Tips on Being a Leader Modeled After God

businessman-businesswoman_silhouetteSo, when you think of being a strong leader, what comes to mind? When you think of being a meek leader what comes to mind? Isn’t it true that your initial reaction is that these two leadership styles don’t seem to go together?

Christian Library.org writes that there is a MISUNDERSTANDING ABOUT MEEKNESS. Many equate Meekness with weakness.
1. Many associate meekness with an attitude of allowing everyone to run over you because you are afraid of them. This is not meekness. In fact, some of the strongest men who have ever lived have been meek.
Look at a list of some people that the Bible says were meek and see the fallacy of such thought.
1. Moses was a great leader. He stood up to the most powerful leader in the world, Pharaoh Ramses. He led God’s people through the wilderness to the border of the promised land.
a. Numbers 12:3 – “Now the man Moses was very meek, above all the men which were upon the face of the earth.”
2. Jesus could stand up to the winds and the waves. He also chased the moneychangers out of the temple twice with a whip made out of chords.
a. Matthew 11:29 – “Take my yoke upon you, and learn of me; for I am meek and lowly in heart: and ye shall find rest unto your souls.”

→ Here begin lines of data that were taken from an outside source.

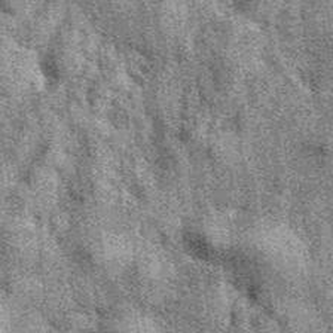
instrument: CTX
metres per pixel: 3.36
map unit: eAb
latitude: 39.5371
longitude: 107.4076
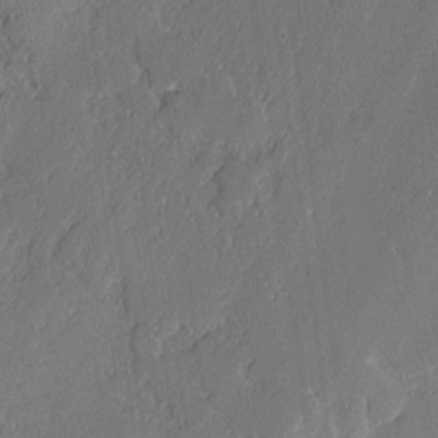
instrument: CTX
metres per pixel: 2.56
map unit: lAvf
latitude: -1.9745
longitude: -107.5371
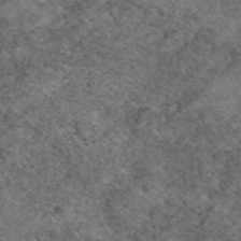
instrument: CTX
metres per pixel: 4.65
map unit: eAb
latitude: 49.7072
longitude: 113.0298
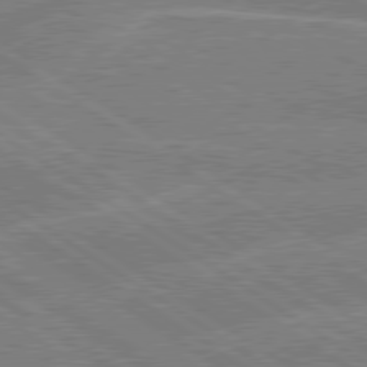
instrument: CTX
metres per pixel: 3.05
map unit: lApd
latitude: 79.2915
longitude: -131.0648
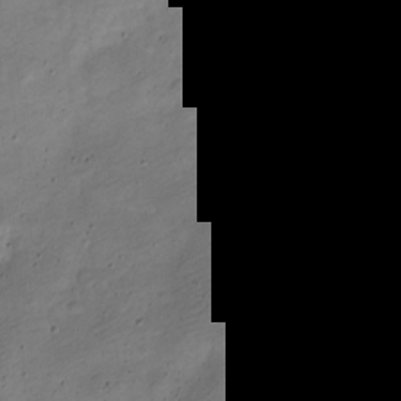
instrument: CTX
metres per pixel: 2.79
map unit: Nve
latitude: -24.7274
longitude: 106.2362
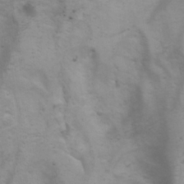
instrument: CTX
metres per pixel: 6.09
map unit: Aa
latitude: -3.3509
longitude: -73.1781
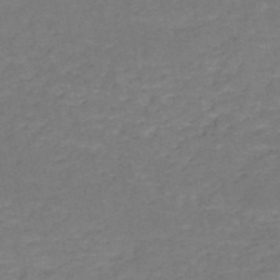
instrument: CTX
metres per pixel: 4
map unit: HNb
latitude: -50.1417
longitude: -52.6680
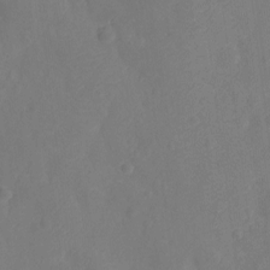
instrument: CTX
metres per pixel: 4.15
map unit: Ht
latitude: -11.5588
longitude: -23.8205
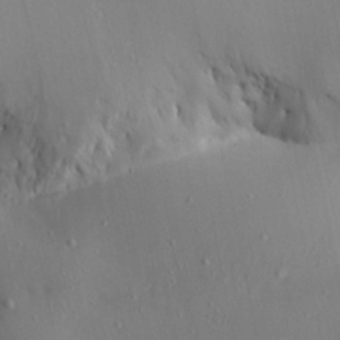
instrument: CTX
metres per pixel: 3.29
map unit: Aa
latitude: 22.2333
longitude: -142.3845
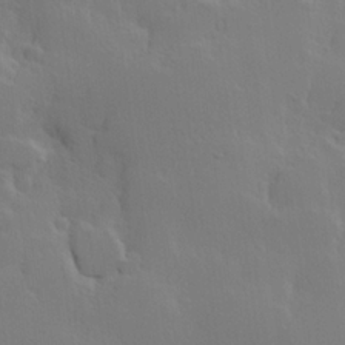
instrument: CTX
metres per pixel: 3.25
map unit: Hve
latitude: 23.1592
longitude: 145.5777
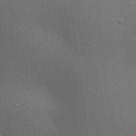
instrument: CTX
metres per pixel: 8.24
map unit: lAa
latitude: 20.4979
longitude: -138.5924
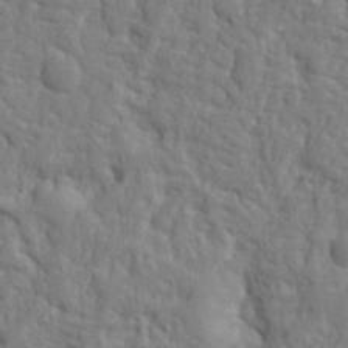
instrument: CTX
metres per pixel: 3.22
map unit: Ht
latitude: 8.7813
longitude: -77.1403
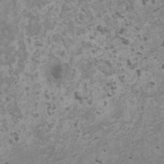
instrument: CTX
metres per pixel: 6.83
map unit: HNhu
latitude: -0.5763
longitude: 2.7463
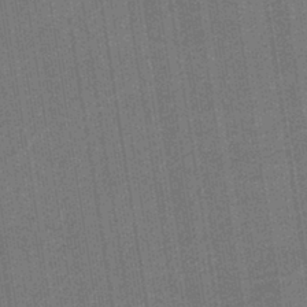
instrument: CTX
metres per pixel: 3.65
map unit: eAb
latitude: -40.0094
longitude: 51.9556
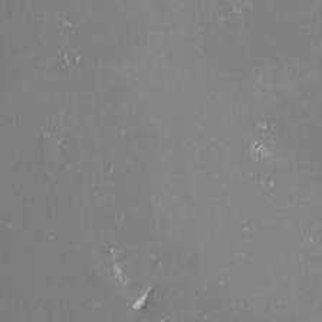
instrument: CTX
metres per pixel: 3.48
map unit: eHh
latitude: -4.1228
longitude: 20.1228
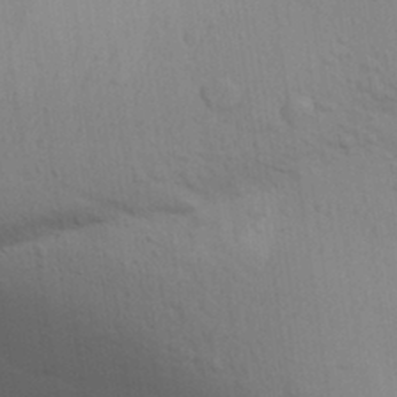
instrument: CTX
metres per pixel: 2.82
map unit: Aa
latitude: 30.2145
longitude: -147.2348
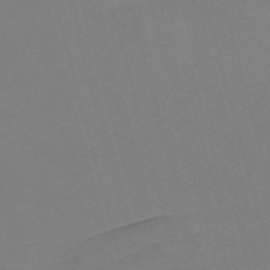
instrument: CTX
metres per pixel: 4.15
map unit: Nve
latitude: -58.5951
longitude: 58.3873
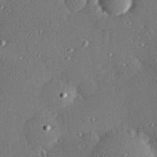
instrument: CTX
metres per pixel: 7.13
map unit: Hve
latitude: 28.1200
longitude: -91.5371
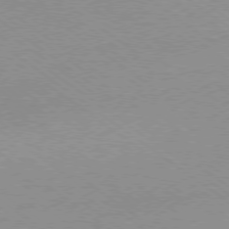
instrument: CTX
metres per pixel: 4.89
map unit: Hpe
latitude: -79.1620
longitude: 8.6518
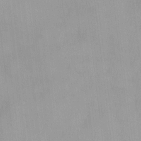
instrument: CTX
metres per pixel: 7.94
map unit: HNhu
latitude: 3.4426
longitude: 6.5196
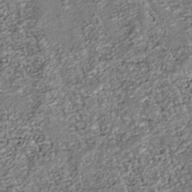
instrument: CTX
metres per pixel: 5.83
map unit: Nhu
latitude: -38.6519
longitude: -81.0836
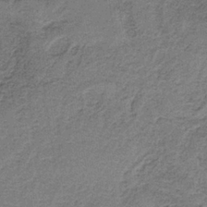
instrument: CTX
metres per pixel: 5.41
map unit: HNb
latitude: -35.0297
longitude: 54.1039
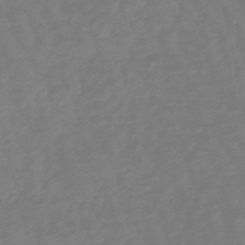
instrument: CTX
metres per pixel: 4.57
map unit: lHb
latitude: -49.3132
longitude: 77.8422
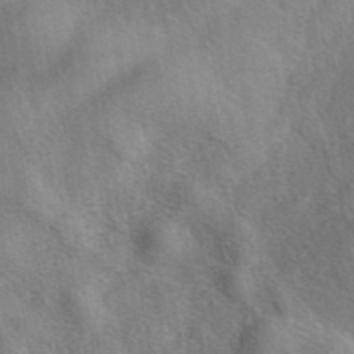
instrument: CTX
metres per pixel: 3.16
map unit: eAb
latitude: 40.6679
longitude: 107.9178
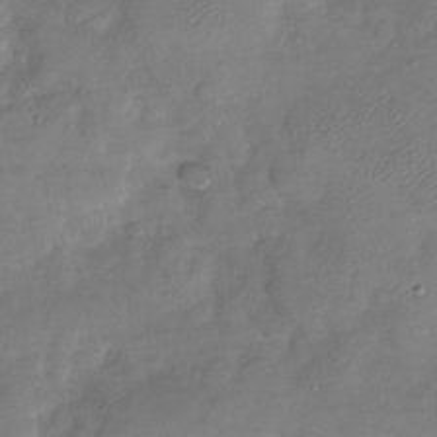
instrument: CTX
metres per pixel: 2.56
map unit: Nhu
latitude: -28.3684
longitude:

In a lesson from Bible.org: A godly leader is marked by a servant attitude, transparent integrity, godly character, and faithful biblical teaching.

1. A godly leader is marked by a servant attitude.

Paul’s servant attitude flavors this entire message, but he mentions specifically that he was “serving the Lord” (20:19). The word “serving” is the verb related to the noun “bond-servant” or slave. Paul often referred to himself as a bond-servant of Jesus Christ (Rom. 1:1; Gal. 1:10;Col. 1:7; 4:7; Titus 1:1). It was the way he viewed himself, and the way that every Christian should view himself. We do not belong to ourselves; we are slaves of Jesus Christ. We should do all that we do to please Him. If we have a sphere of service, we received it from Him (Acts 20:24).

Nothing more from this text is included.